(Assignment): Verbatim output of the lines below is required, with the images omitted.

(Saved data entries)

%%

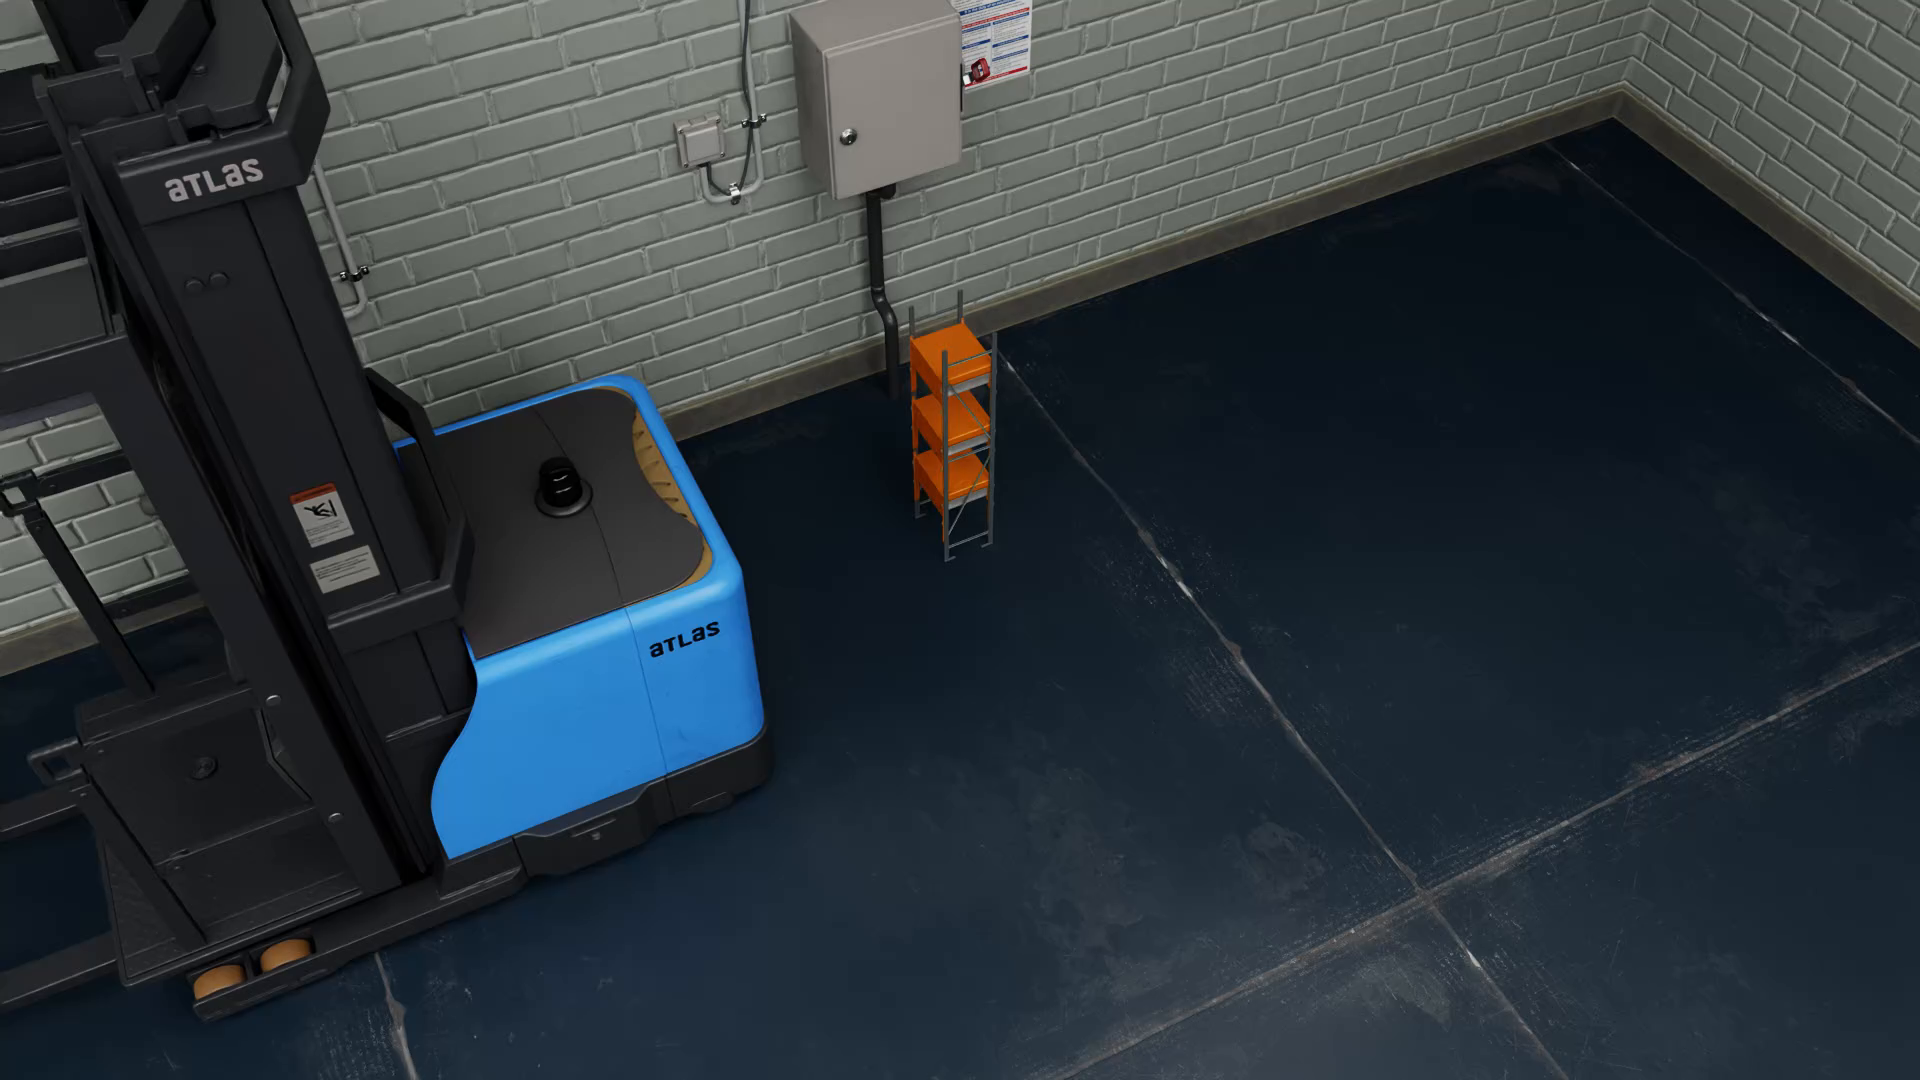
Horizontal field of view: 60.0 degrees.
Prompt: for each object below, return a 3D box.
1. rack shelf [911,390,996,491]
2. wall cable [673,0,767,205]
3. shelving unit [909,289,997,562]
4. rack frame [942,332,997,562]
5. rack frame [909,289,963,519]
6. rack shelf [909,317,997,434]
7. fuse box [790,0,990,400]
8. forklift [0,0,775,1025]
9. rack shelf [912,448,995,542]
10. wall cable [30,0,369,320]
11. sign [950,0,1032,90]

%%

(Result for this exercise):
Horizontal field of view: 60.0 degrees.
Prompt: for each object below, return a 3D box.
1. rack shelf [911,390,996,491]
2. wall cable [673,0,767,205]
3. shelving unit [909,289,997,562]
4. rack frame [942,332,997,562]
5. rack frame [909,289,963,519]
6. rack shelf [909,317,997,434]
7. fuse box [790,0,990,400]
8. forklift [0,0,775,1025]
9. rack shelf [912,448,995,542]
10. wall cable [30,0,369,320]
11. sign [950,0,1032,90]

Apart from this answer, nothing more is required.